:: TASK OBJECTIVE ::
Go through the records below and count every line containing "rarity". Reply with the count alone.

*** LISTED RECORDS ***

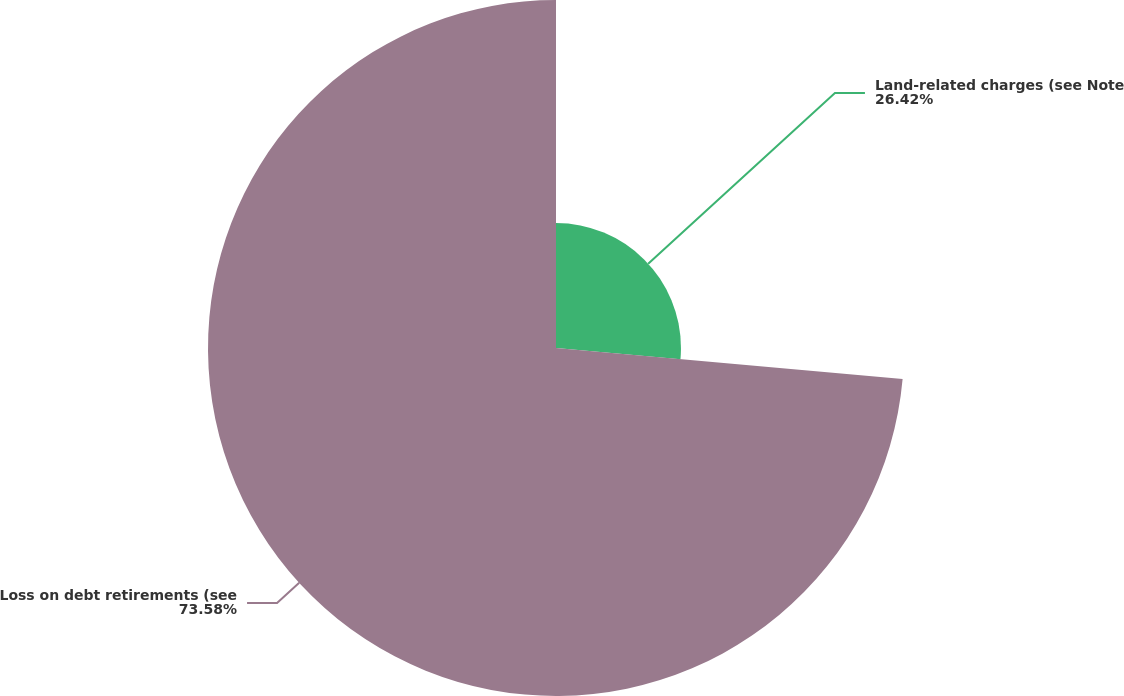<chart> <loc_0><loc_0><loc_500><loc_500><pie_chart><fcel>Land-related charges (see Note<fcel>Loss on debt retirements (see<nl><fcel>26.42%<fcel>73.58%<nl></chart> 
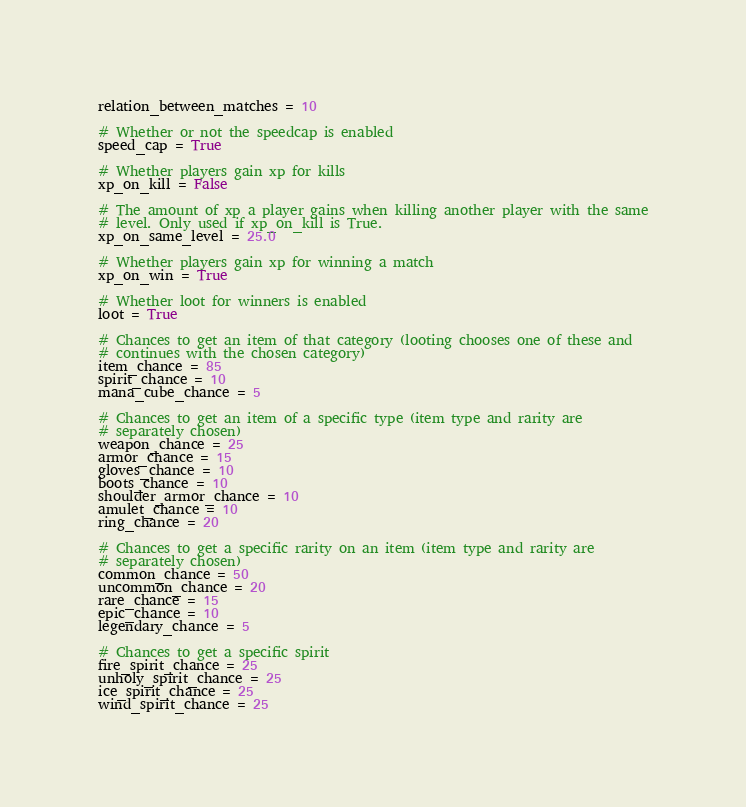<code> <loc_0><loc_0><loc_500><loc_500><_Python_>relation_between_matches = 10

# Whether or not the speedcap is enabled
speed_cap = True

# Whether players gain xp for kills
xp_on_kill = False

# The amount of xp a player gains when killing another player with the same
# level. Only used if xp_on_kill is True.
xp_on_same_level = 25.0

# Whether players gain xp for winning a match
xp_on_win = True

# Whether loot for winners is enabled
loot = True

# Chances to get an item of that category (looting chooses one of these and
# continues with the chosen category)
item_chance = 85
spirit_chance = 10
mana_cube_chance = 5

# Chances to get an item of a specific type (item type and rarity are
# separately chosen)
weapon_chance = 25
armor_chance = 15
gloves_chance = 10
boots_chance = 10
shoulder_armor_chance = 10
amulet_chance = 10
ring_chance = 20

# Chances to get a specific rarity on an item (item type and rarity are
# separately chosen)
common_chance = 50
uncommon_chance = 20
rare_chance = 15
epic_chance = 10
legendary_chance = 5

# Chances to get a specific spirit
fire_spirit_chance = 25
unholy_spirit_chance = 25
ice_spirit_chance = 25
wind_spirit_chance = 25</code>

*** End of LISTED RECORDS ***

:: THE COMPLETED TASK ::
2